[INPUT RECORDS]
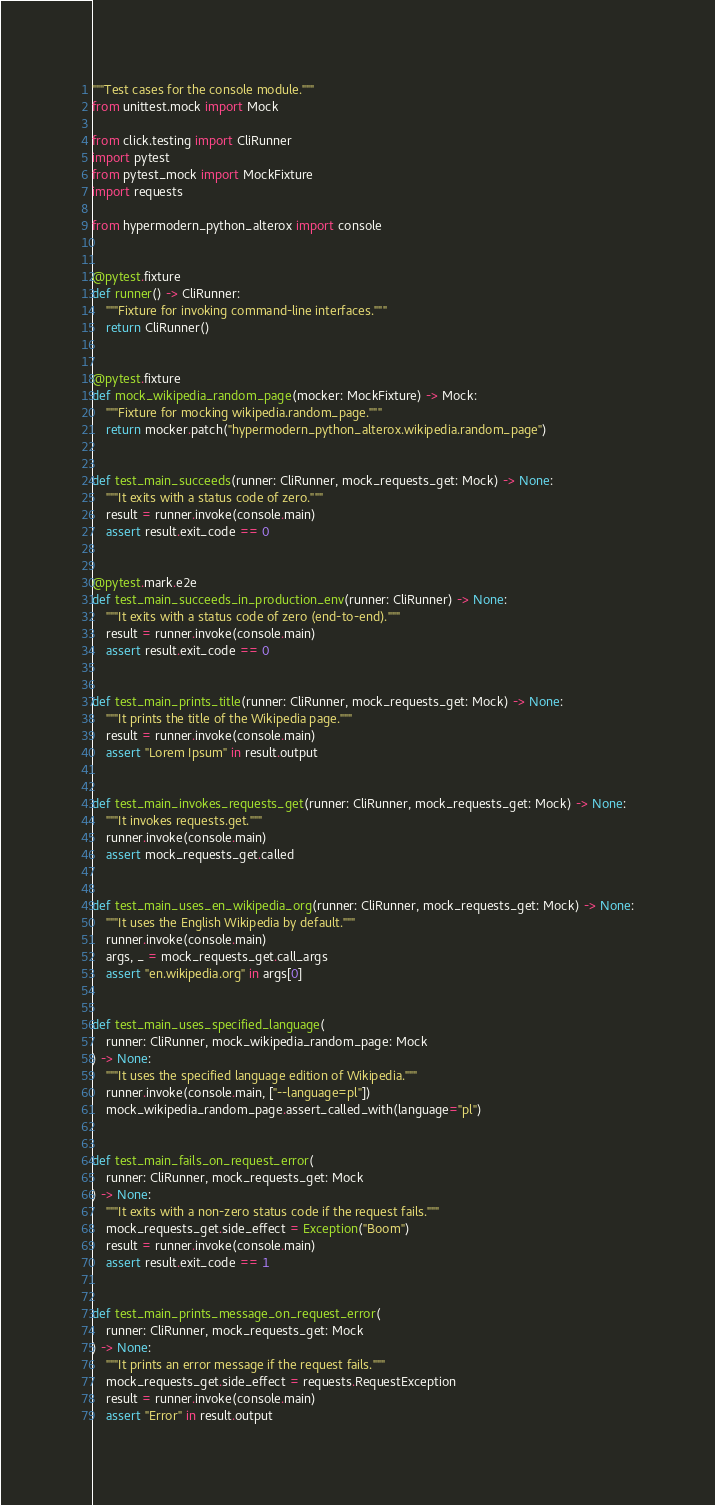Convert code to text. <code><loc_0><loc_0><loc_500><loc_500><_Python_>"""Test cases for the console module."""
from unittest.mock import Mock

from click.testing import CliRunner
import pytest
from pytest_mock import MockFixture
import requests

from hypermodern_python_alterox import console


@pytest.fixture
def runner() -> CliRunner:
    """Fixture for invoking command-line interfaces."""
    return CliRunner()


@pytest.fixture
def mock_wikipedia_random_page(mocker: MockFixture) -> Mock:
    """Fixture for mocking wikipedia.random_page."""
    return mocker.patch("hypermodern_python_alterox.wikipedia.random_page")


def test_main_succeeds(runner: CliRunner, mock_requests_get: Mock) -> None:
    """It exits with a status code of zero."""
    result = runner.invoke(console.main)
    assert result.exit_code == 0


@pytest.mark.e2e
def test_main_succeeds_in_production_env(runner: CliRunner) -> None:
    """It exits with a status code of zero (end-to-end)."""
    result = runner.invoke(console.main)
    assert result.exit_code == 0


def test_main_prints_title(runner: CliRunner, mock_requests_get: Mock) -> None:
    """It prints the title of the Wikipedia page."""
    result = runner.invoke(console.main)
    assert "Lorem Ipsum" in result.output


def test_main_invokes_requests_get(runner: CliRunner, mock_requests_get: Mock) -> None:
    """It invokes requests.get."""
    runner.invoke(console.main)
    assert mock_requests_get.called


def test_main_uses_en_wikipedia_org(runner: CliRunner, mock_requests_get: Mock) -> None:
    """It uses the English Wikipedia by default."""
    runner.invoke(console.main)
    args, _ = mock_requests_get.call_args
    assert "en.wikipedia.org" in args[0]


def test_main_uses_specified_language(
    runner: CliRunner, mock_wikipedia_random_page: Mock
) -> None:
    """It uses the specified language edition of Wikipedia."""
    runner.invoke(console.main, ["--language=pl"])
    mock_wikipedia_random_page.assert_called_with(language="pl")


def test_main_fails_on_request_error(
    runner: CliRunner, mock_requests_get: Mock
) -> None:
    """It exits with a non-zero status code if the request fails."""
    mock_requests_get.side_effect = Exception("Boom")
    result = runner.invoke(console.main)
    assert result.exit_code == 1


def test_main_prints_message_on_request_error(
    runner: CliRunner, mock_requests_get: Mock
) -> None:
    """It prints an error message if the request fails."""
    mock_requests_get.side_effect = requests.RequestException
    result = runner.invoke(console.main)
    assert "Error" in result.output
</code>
[/INPUT RECORDS]
[INPUT RECORDS]
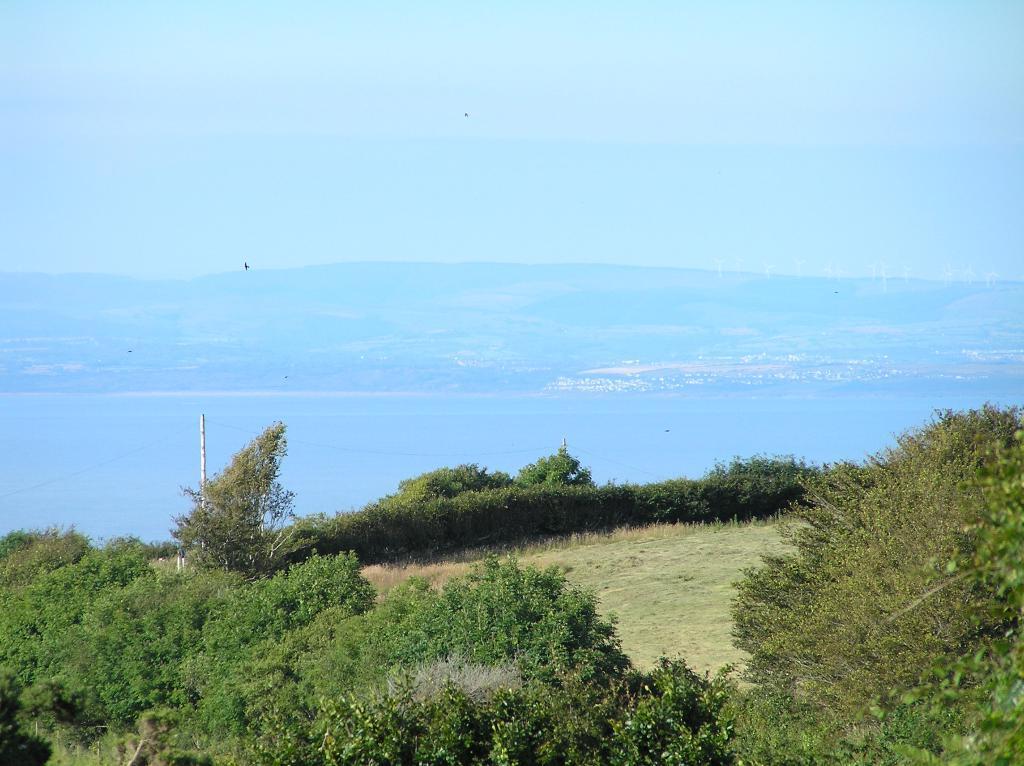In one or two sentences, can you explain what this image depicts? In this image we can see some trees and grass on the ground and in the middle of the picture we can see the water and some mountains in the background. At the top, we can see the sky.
[/INPUT RECORDS]
[INPUT RECORDS]
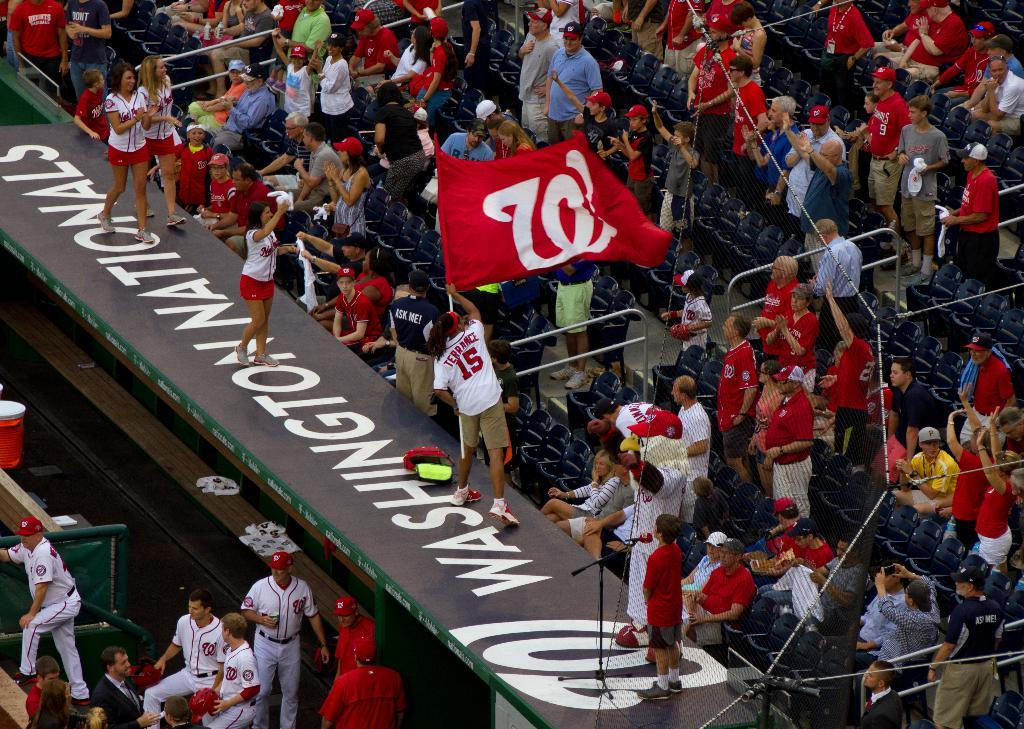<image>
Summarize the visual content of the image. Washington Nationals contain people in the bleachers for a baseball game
[/INPUT RECORDS]
WHAT TO WORK ON:
Would you print, exactly as written, every line above from the one holding "def test_main_succeeds_in_production_env(runner: CliRunner)" through the one holding "assert result.exit_code == 1", with both included and no other lines?

TASK ANSWER:
def test_main_succeeds_in_production_env(runner: CliRunner) -> None:
    """It exits with a status code of zero (end-to-end)."""
    result = runner.invoke(console.main)
    assert result.exit_code == 0


def test_main_prints_title(runner: CliRunner, mock_requests_get: Mock) -> None:
    """It prints the title of the Wikipedia page."""
    result = runner.invoke(console.main)
    assert "Lorem Ipsum" in result.output


def test_main_invokes_requests_get(runner: CliRunner, mock_requests_get: Mock) -> None:
    """It invokes requests.get."""
    runner.invoke(console.main)
    assert mock_requests_get.called


def test_main_uses_en_wikipedia_org(runner: CliRunner, mock_requests_get: Mock) -> None:
    """It uses the English Wikipedia by default."""
    runner.invoke(console.main)
    args, _ = mock_requests_get.call_args
    assert "en.wikipedia.org" in args[0]


def test_main_uses_specified_language(
    runner: CliRunner, mock_wikipedia_random_page: Mock
) -> None:
    """It uses the specified language edition of Wikipedia."""
    runner.invoke(console.main, ["--language=pl"])
    mock_wikipedia_random_page.assert_called_with(language="pl")


def test_main_fails_on_request_error(
    runner: CliRunner, mock_requests_get: Mock
) -> None:
    """It exits with a non-zero status code if the request fails."""
    mock_requests_get.side_effect = Exception("Boom")
    result = runner.invoke(console.main)
    assert result.exit_code == 1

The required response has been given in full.